(Data extracted from a collection)
((

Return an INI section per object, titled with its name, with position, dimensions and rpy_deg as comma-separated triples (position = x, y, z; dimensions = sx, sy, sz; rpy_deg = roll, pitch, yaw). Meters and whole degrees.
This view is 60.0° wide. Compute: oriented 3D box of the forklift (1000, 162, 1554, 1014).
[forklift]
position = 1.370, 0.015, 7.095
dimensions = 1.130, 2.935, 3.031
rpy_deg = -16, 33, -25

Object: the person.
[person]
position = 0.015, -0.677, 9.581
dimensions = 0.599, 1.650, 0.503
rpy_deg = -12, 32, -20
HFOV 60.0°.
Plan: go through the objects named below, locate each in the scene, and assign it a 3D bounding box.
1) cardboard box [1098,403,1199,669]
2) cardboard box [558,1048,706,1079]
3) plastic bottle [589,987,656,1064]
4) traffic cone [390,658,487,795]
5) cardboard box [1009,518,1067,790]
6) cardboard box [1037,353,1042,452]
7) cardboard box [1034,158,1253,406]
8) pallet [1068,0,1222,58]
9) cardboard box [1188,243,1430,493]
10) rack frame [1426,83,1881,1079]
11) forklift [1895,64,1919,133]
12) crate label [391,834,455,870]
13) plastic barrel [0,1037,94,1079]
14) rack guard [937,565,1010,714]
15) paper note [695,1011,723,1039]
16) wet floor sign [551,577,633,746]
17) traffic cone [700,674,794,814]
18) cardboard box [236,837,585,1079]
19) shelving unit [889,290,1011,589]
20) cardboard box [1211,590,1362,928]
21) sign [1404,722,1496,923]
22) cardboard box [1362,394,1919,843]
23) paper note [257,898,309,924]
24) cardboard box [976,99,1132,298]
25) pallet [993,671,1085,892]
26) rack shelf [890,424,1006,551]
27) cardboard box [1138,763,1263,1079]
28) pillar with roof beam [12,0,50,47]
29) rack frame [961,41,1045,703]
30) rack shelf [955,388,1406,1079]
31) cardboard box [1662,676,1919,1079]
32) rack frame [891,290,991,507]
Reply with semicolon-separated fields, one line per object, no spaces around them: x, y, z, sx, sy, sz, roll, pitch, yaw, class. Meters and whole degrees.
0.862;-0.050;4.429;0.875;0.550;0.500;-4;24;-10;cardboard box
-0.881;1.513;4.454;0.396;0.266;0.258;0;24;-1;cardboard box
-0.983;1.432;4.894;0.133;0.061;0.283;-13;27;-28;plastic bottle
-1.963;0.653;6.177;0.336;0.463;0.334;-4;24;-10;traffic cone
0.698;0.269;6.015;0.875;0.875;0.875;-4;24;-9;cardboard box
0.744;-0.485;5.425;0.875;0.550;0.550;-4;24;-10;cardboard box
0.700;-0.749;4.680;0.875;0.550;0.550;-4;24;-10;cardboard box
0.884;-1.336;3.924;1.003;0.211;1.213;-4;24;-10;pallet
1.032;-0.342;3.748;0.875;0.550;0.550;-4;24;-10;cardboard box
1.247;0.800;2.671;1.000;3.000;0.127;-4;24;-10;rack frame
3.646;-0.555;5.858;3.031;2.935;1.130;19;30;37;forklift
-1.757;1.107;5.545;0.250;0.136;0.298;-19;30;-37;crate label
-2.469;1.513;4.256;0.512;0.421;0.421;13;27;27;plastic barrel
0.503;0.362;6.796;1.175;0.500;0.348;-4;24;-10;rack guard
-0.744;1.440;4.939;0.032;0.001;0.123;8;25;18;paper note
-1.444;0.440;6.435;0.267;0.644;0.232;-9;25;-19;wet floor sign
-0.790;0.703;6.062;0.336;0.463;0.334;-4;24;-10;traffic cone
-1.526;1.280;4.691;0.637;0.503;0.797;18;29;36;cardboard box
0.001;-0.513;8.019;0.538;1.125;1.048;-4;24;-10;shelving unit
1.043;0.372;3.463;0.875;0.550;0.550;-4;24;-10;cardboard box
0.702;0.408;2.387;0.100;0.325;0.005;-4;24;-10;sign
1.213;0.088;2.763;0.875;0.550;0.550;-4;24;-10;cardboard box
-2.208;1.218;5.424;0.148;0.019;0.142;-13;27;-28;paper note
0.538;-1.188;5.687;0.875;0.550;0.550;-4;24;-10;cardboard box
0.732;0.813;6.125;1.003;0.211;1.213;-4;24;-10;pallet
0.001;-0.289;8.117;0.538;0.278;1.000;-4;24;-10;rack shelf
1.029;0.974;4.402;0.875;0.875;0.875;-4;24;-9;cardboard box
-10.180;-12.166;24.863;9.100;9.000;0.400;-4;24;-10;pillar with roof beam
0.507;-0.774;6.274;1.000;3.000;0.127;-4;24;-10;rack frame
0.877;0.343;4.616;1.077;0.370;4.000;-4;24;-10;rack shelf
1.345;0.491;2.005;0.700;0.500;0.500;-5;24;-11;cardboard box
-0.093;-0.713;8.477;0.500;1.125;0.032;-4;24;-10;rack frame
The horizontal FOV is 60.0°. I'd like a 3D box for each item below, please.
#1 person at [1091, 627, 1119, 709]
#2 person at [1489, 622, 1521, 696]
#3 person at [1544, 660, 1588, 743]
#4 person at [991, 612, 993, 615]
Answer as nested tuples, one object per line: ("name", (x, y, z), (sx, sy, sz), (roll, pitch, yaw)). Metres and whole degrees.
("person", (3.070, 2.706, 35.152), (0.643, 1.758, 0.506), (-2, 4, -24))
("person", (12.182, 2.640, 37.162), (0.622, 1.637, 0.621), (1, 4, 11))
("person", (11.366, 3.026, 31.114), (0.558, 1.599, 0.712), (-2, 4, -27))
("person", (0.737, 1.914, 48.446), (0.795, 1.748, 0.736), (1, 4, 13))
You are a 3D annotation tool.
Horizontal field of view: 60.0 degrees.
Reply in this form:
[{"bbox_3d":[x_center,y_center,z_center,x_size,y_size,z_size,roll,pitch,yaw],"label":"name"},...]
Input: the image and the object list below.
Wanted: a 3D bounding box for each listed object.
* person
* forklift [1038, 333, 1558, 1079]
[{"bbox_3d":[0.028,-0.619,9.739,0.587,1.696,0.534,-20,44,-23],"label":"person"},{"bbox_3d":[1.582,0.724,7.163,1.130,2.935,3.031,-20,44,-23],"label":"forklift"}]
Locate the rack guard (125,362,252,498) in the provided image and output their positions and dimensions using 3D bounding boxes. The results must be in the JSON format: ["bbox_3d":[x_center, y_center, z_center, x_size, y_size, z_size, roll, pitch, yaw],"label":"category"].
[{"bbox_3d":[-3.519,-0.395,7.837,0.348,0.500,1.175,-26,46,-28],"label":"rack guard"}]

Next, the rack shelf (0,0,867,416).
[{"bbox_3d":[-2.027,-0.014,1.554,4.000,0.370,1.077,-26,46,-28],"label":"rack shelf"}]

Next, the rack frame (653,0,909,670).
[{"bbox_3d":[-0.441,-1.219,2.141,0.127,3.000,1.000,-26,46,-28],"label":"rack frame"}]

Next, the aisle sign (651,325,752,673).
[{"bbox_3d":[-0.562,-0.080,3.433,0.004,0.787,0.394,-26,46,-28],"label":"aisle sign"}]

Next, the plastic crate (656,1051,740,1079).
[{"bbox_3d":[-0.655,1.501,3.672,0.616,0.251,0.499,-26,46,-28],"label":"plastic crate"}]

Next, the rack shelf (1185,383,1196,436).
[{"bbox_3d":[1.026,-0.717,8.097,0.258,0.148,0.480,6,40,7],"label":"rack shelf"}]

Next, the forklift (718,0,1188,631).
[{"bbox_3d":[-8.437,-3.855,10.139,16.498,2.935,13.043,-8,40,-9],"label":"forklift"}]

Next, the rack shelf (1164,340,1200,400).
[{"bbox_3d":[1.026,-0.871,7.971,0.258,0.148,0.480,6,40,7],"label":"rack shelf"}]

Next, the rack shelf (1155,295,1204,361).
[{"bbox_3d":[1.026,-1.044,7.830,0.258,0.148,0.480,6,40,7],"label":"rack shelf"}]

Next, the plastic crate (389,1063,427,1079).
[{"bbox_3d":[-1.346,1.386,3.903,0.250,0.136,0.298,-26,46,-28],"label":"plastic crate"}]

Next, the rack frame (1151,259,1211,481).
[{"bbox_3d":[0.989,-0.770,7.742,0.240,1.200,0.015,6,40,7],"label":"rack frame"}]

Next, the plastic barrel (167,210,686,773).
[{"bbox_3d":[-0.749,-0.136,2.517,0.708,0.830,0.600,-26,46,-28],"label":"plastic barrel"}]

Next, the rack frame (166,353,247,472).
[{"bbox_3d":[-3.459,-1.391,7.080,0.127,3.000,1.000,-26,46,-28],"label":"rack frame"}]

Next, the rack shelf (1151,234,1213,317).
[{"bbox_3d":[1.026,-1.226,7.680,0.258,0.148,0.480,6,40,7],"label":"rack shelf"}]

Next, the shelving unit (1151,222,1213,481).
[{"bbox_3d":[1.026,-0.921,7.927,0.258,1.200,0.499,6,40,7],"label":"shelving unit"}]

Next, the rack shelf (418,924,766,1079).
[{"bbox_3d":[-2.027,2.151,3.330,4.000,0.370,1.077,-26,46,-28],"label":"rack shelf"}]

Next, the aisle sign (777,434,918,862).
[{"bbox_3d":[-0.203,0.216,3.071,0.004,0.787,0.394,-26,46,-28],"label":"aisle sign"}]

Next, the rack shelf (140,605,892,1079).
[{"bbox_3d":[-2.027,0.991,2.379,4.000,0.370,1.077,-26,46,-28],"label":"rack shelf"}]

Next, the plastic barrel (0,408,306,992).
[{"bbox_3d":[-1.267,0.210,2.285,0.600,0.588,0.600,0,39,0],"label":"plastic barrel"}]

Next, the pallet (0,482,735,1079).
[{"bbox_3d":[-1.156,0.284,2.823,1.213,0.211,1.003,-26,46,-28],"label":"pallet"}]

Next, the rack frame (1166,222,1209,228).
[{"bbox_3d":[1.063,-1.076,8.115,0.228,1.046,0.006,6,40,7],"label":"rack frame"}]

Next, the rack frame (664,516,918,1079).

))

• Task: Report every line of the entries that carries the word "each".

• Finished exercise:
Plan: go through the objects named below, locate each in the scene, and assign it a 3D bounding box.
The horizontal FOV is 60.0°. I'd like a 3D box for each item below, please.
Wanted: a 3D bounding box for each listed object.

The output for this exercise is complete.